That is what a perfect stranger said to me while visiting Green Bay, when I was only 21. I never forgot his face or his words. Five years, two college degrees, and one beautiful baby girl later, I move back from Florida to settle into adult life. I buy a farm near Fond du Lac, in a spec-on-the-map town called St. Cloud (WI, not MN). Imagine my surprise; I meet my country-mile neighbor; the man with the Green Bay-advice. I felt a bit like I was in an episode-gone-awry of the Twilight Zone; for a moment, I was looking for the hidden camera. Nevertheless, I have practiced the concept ever since; and it is amazing how many times irony has pulled into my driveway. Point being, be nice to everyone you meet, because not only is there a possibility of a common zip code, there is also a good chance, there is a good reason, for your chance meeting.
My next disclosure may sound a bit far-fetched, but I believe it to be true wholeheartedly; there is a reason for everything, and people cross your path at the exact second you need them, or they need you. I do not believe in coincidence. Still a skeptic? Well, maybe I can make you a believer.
I’m 16, a knock on the door brings a 4 month-old baby, who I w as my brother; but at the time, he was another child lost in the foster system. Thankfully, we never had to meet his biological parents, but that still did not stop “the system” from attempting to reunite the baby with the absent individuals, for five gruelingly long years. It made no difference that the people named on his birth certificate, never showed for the state scheduled meetings; or that my brother had found parents and siblings who would give their own life for the sake of his happiness, right there in my childhood home. We love and wait with bated breath; those five long years until the final court hearing arrives. The adoption was finalized, on grounds of abandonment. The nights of worry-fueled tears were over. He was officially my brother. And I was officially a passionate advocate for families in this situation, and children in general.
Most recently, my phone rings, and on the other end is a single mom who I don’t know very well, someone I had met under the most unusual circumstances. She is sobbing, and pleas for help. From our limited conversations, she is aware of my adoration for children; she is unaware of the personal experiences that led to this love. She takes a shot-in-the-dark and asks for guidance with her 15 year-old honor student who is in the midst of falling victim to some very unjustified treatment. I told her she dialed the right phone number.
In the mean time, I am working for the Chronicle, and run across a friend and Muskego resident, who I know is a passionate advocate for any child; with deep ties to adoption and the foster system.
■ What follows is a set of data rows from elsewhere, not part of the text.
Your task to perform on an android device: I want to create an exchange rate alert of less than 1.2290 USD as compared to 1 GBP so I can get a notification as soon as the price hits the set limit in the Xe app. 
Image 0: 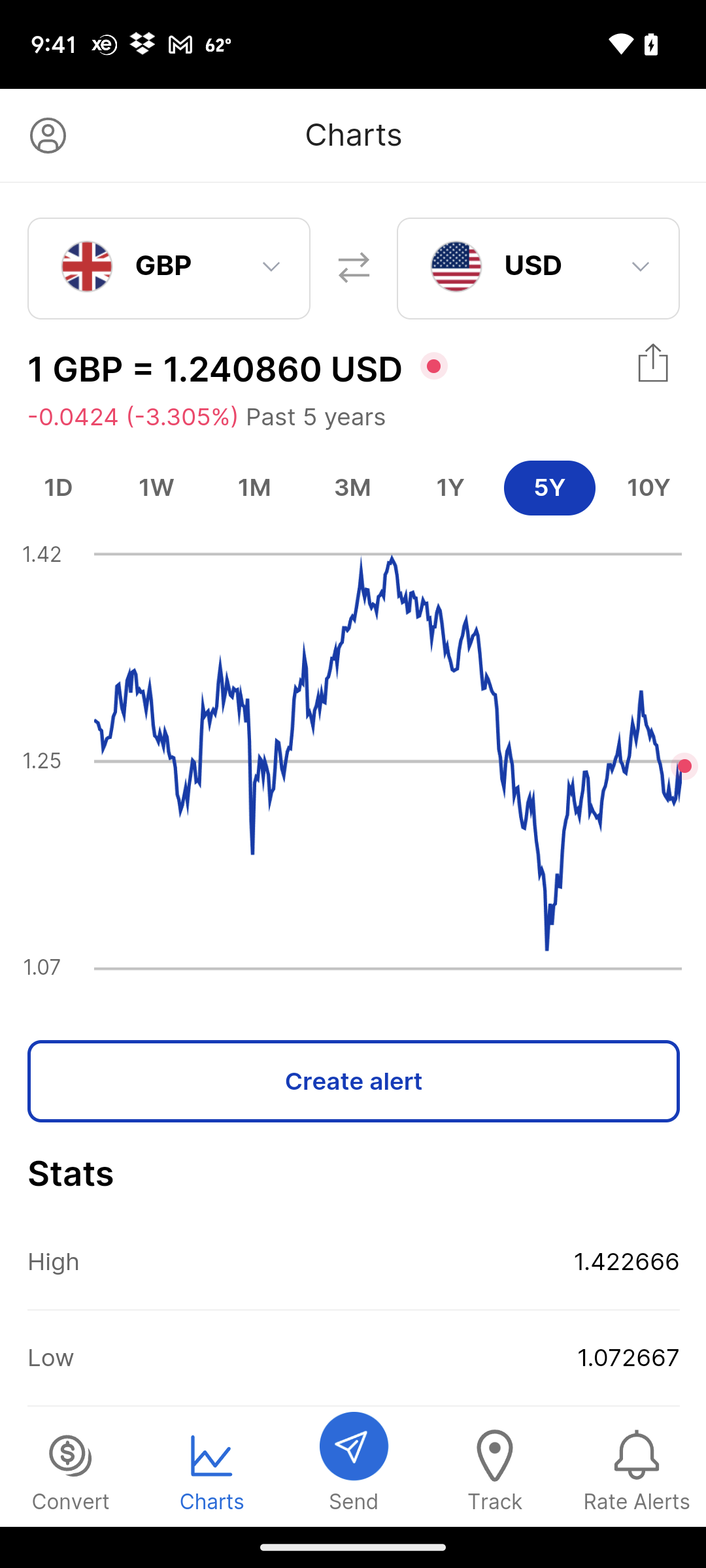
Click on the rate alerts tab at the bottom right of the screen
Step 0: click (636, 1469)
Image 1: 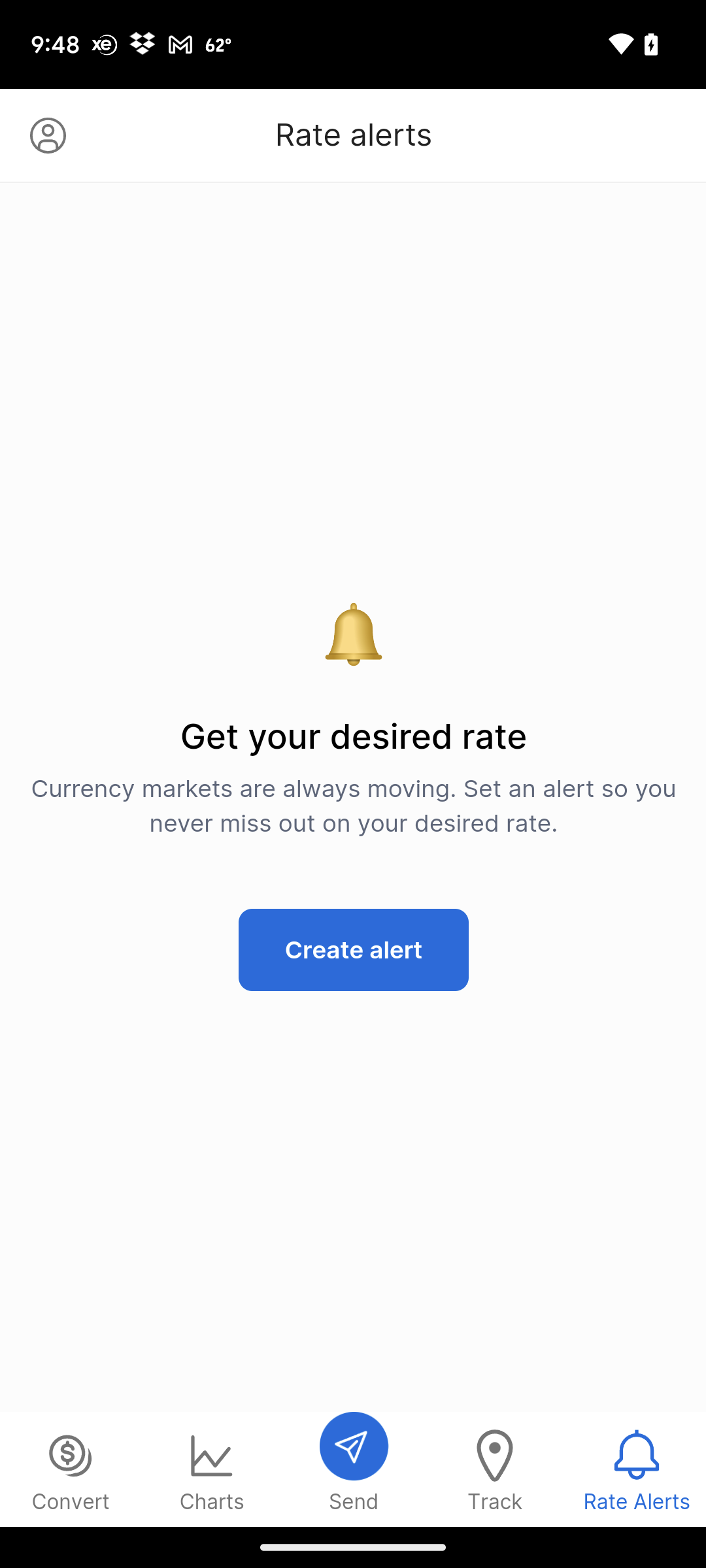
Create on create alerts
Step 1: click (354, 950)
Image 3: 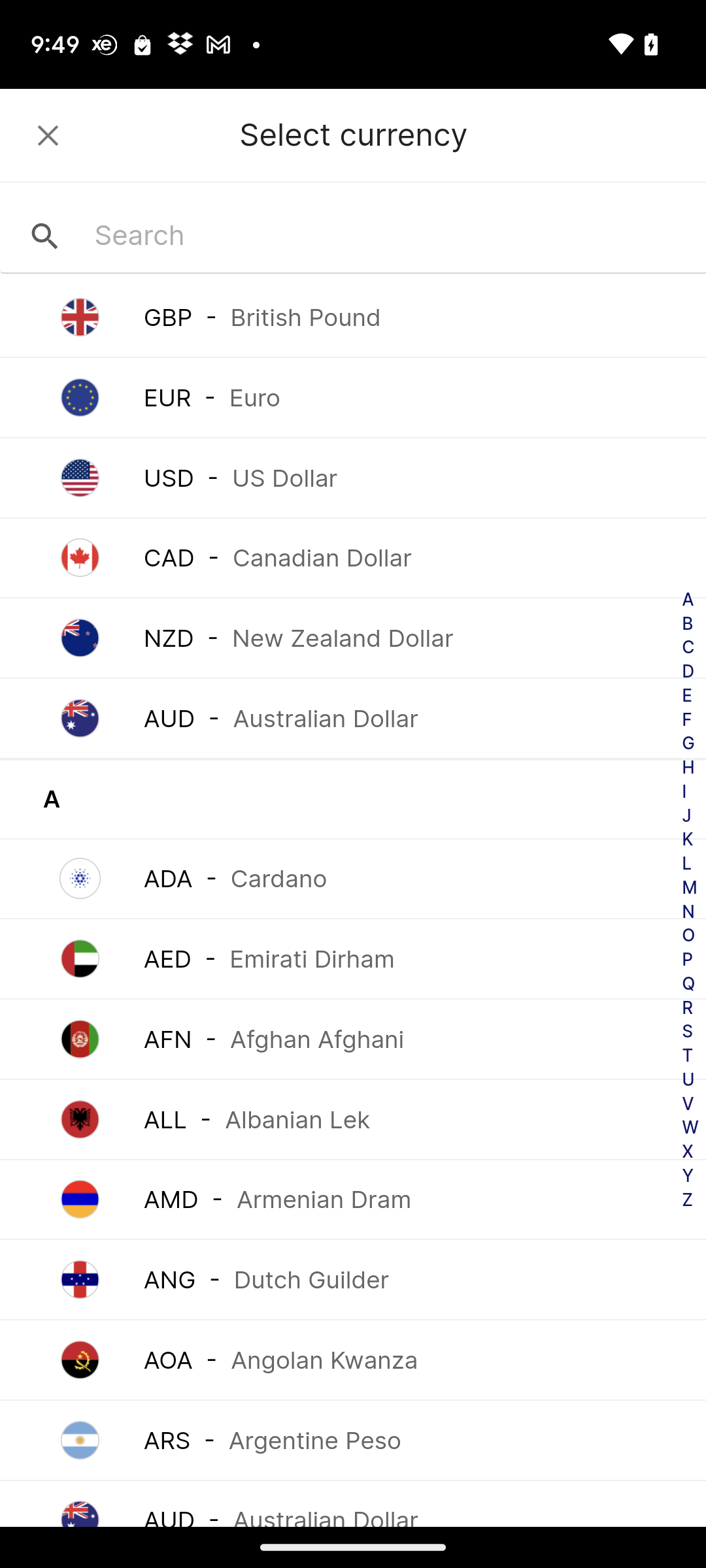
Click on USD currency
Step 3: click (352, 477)
Image 4: 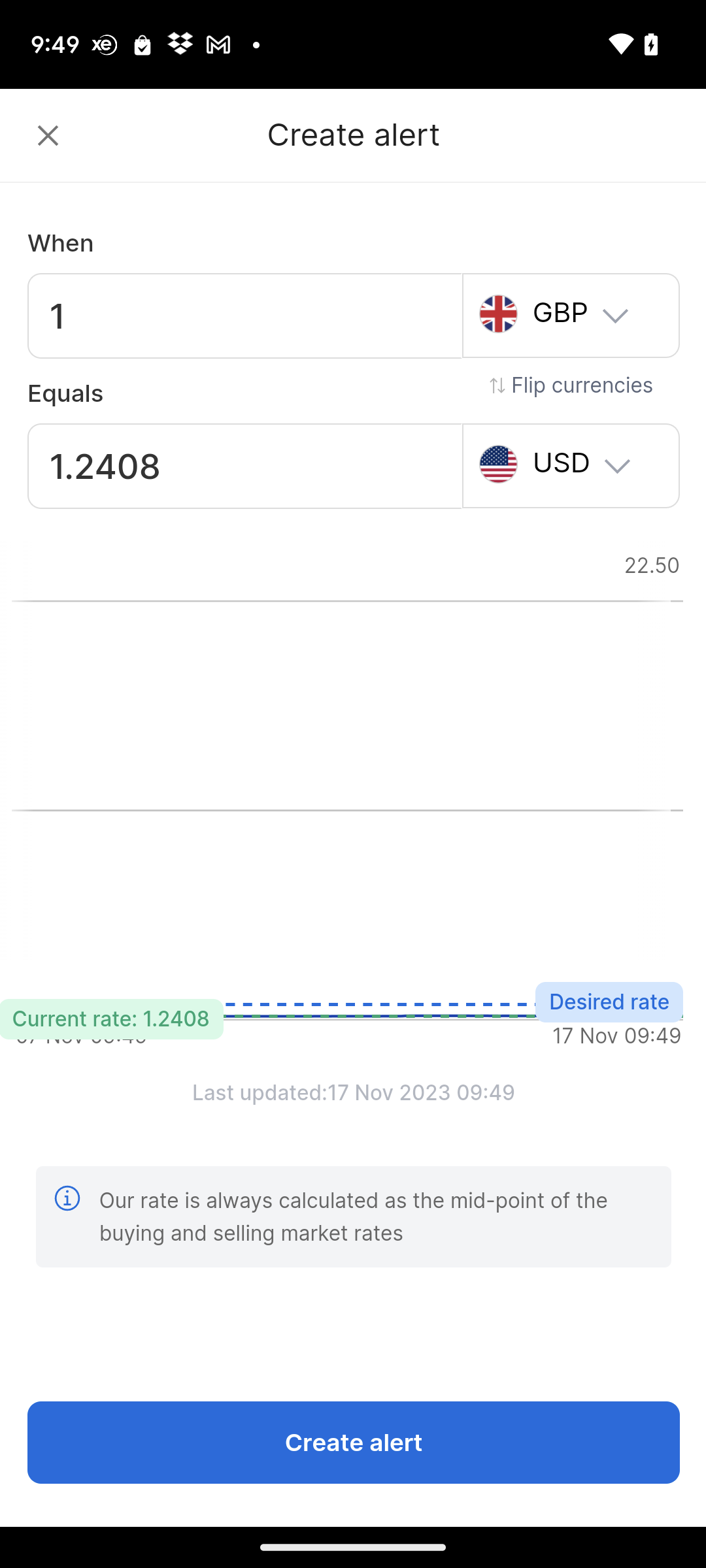
Swipe the desired rate below to the current rate
Step 4: scroll down
Image 5: 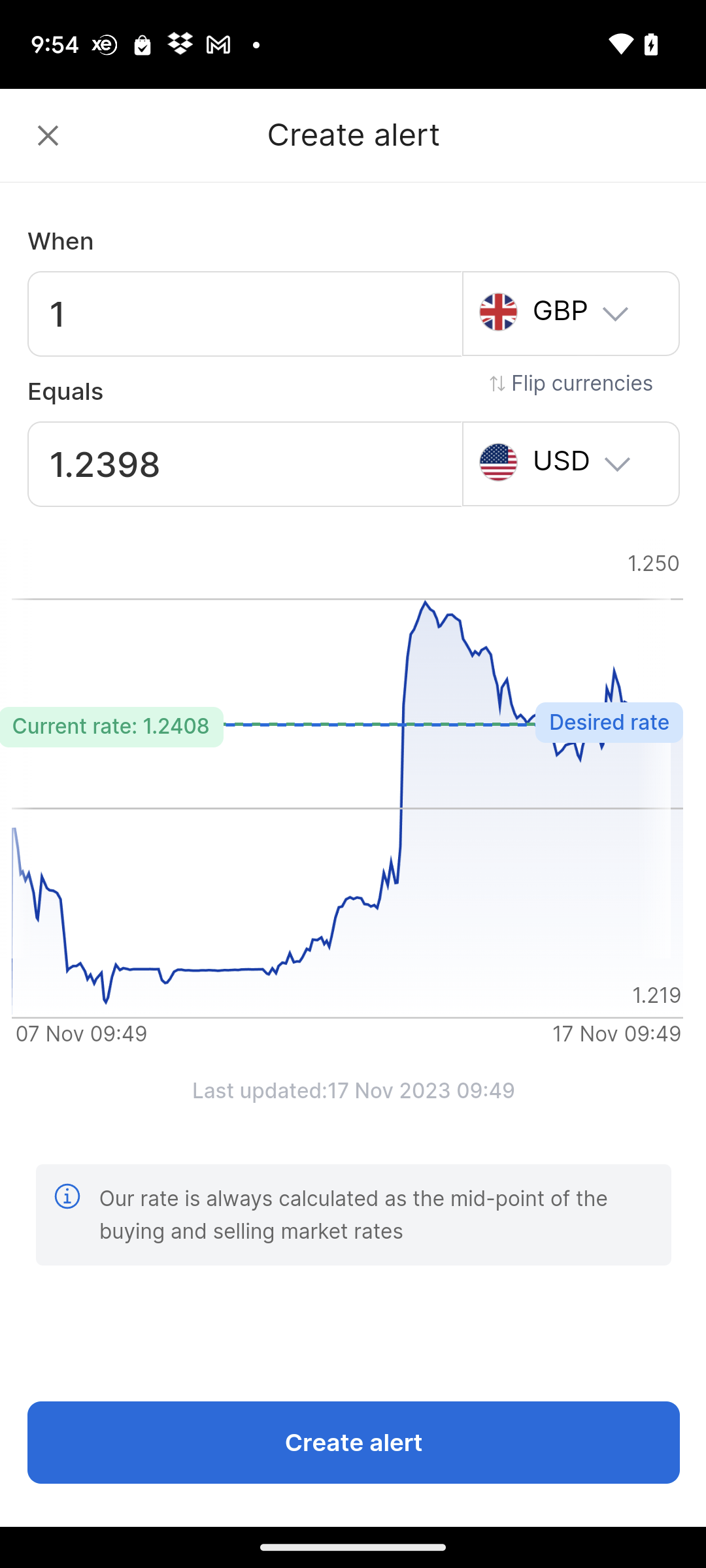
Swipe the desired rate below to the current rate
Step 5: wait
Image 6: 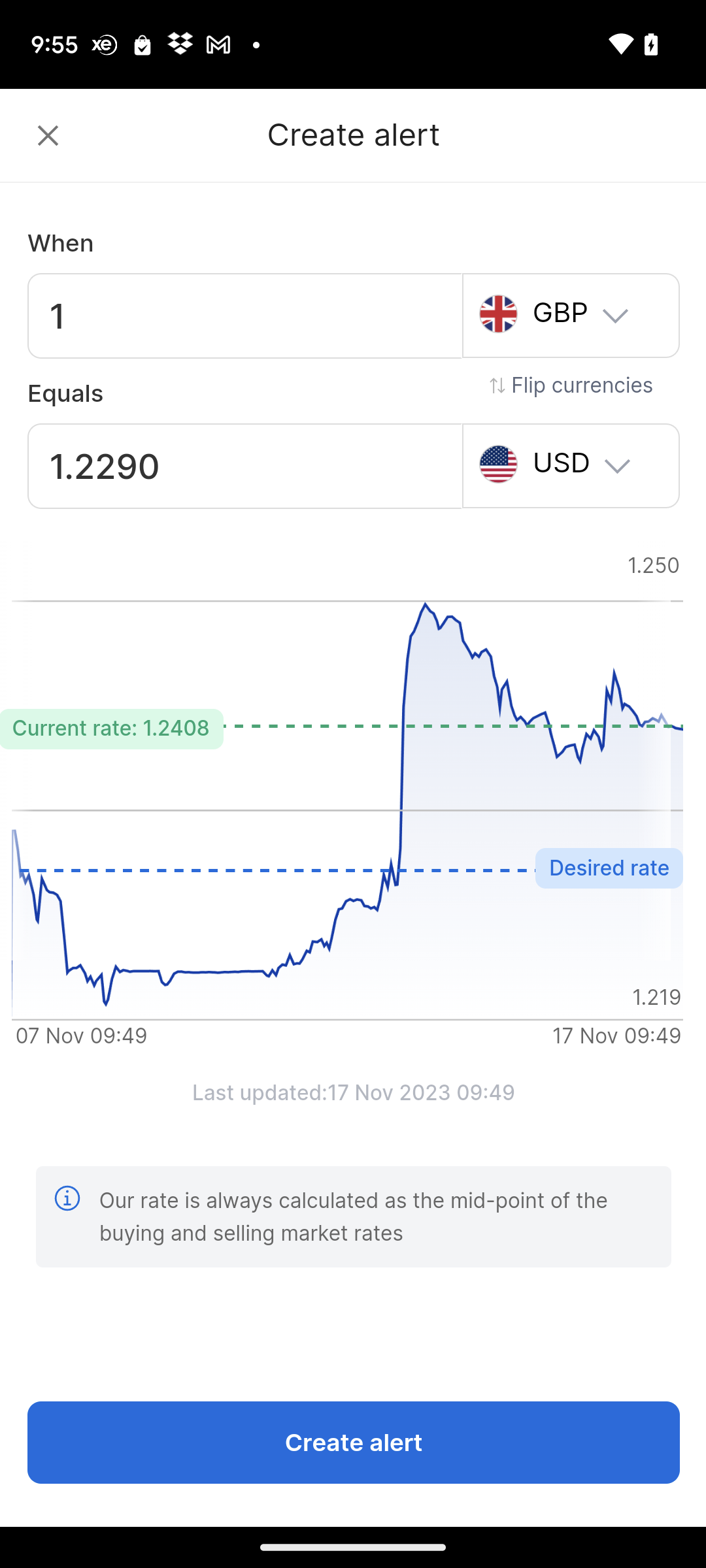
Click on the create alert button
Step 6: click (352, 1446)
Image 7: 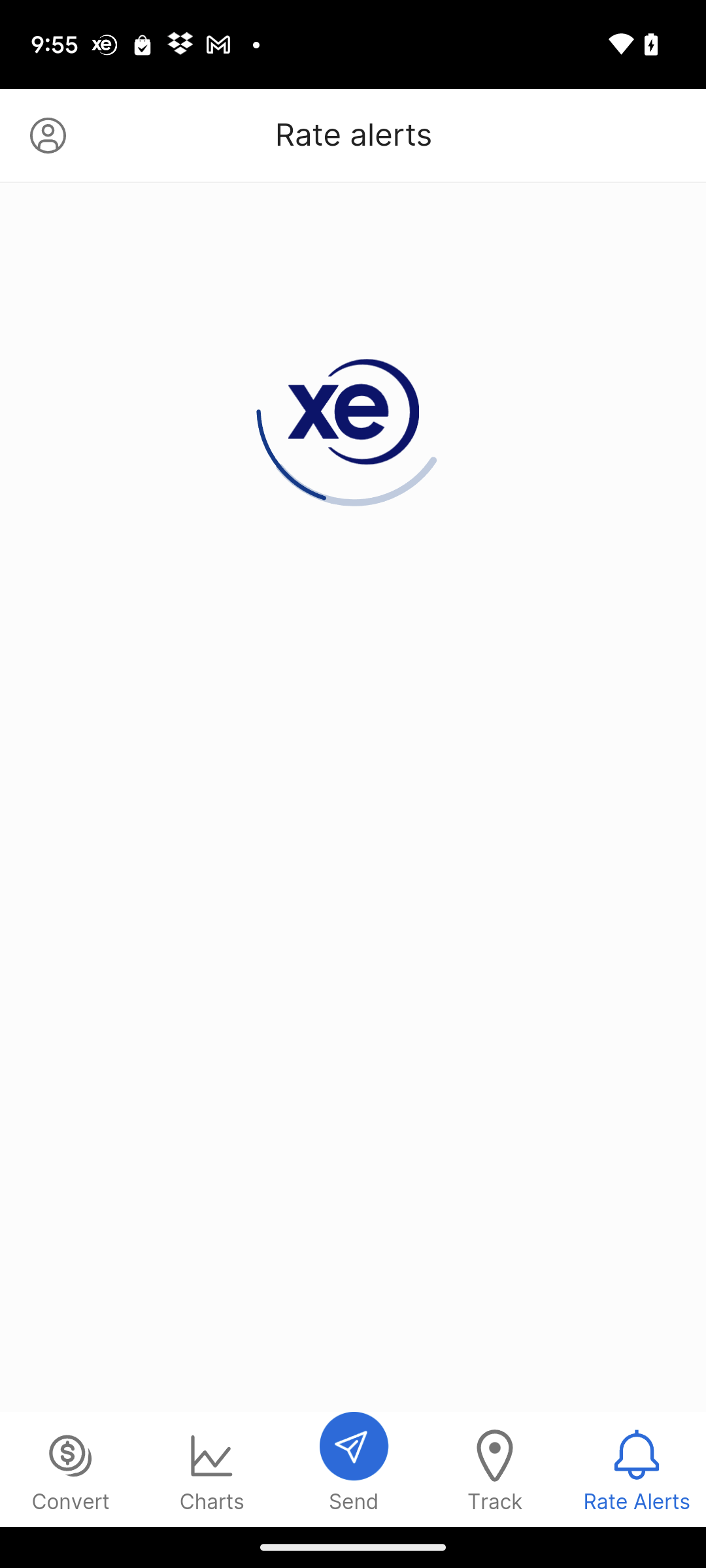
Click on the create alert button
Step 7: wait

I explain the phone call I had received, and ask for her advice. She assumed I knew she was facing similar challenges with her adopted son, who I learn is biracial. I never even so much as knew her adopted son’s race. I had never met him, only heard all the wonderful stories. I was shocked, because the honor student’s problems are a result of racism and intolerance. My Muskego-friend wants to help, and I feel strong. The week is productive, and the 15 year-old has an army behind her; one made up of all races and walks of life. When it comes to children, I believe we all speak a universal language; the largest majority of us anyhow.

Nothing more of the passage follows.